Steffen Lindert, Department of Chemistry and Biochemistry Ohio State University

Department of Chemistry and Biochemistry 

Ohio State University

Cardiac troponin C (cTnC) binds intracellular calcium and subsequently cardiac troponin I (cTnI), initiating cardiac muscle contraction. Structural studies have shown the binding location of small molecules to be a hydrophobic pocket in the regulatory domain of cTnC (cNTnC) but have not shown the influence of these small molecules on the dynamics of opening this domain. Here we describe an application of an umbrella sampling method used to elucidate the impact these calcium sensitivity modulators have on the free energy of cNTnC hydrophobic patch opening. We found that all molecules lowered the free energy of opening in the absence of the cTnI, with bepridil facilitating the least endergonic transformation.

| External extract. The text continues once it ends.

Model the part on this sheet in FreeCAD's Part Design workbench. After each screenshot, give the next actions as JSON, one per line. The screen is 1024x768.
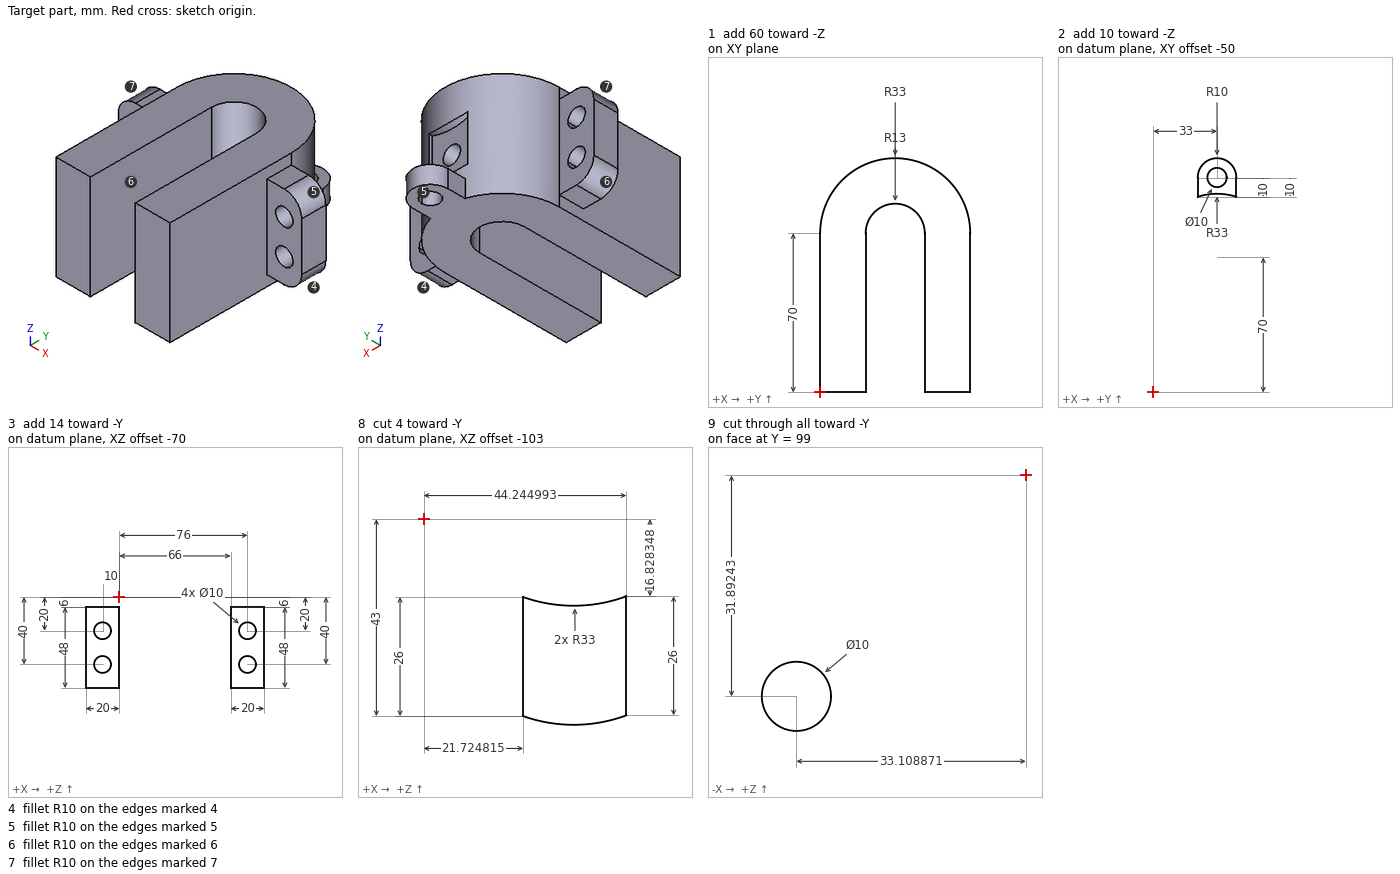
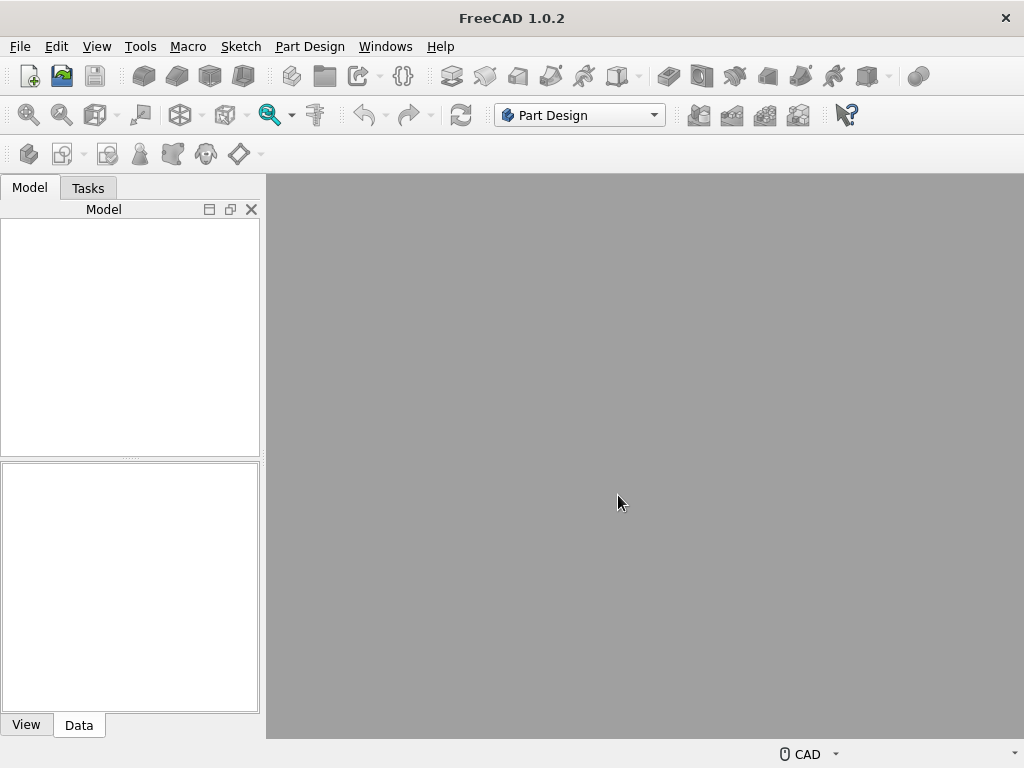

In the presence of cTnI, however, we saw a stabilization of the open configuration due to DPA and dfbp-o binding, and a destabilization of the open configuration imparted by bepridil and W7. Additionally, differences in the free energy of hydrophobic patch opening of hypertrophic (HCM) and dilated cardiomyopathy (DCM) cTnC systems were investigated. Molecular dynamics and umbrella sampling simulations revealed a lower free energy of opening for the HCM mutations. The DCM mutations all exhibited a higher free energy of opening. Our developed simulation protocol presents a novel approach to study calcium sensitivity modulation by small molecules. Additionally, we identified several novel drug candidates for heart failure, using a structure-based drug discovery protocol.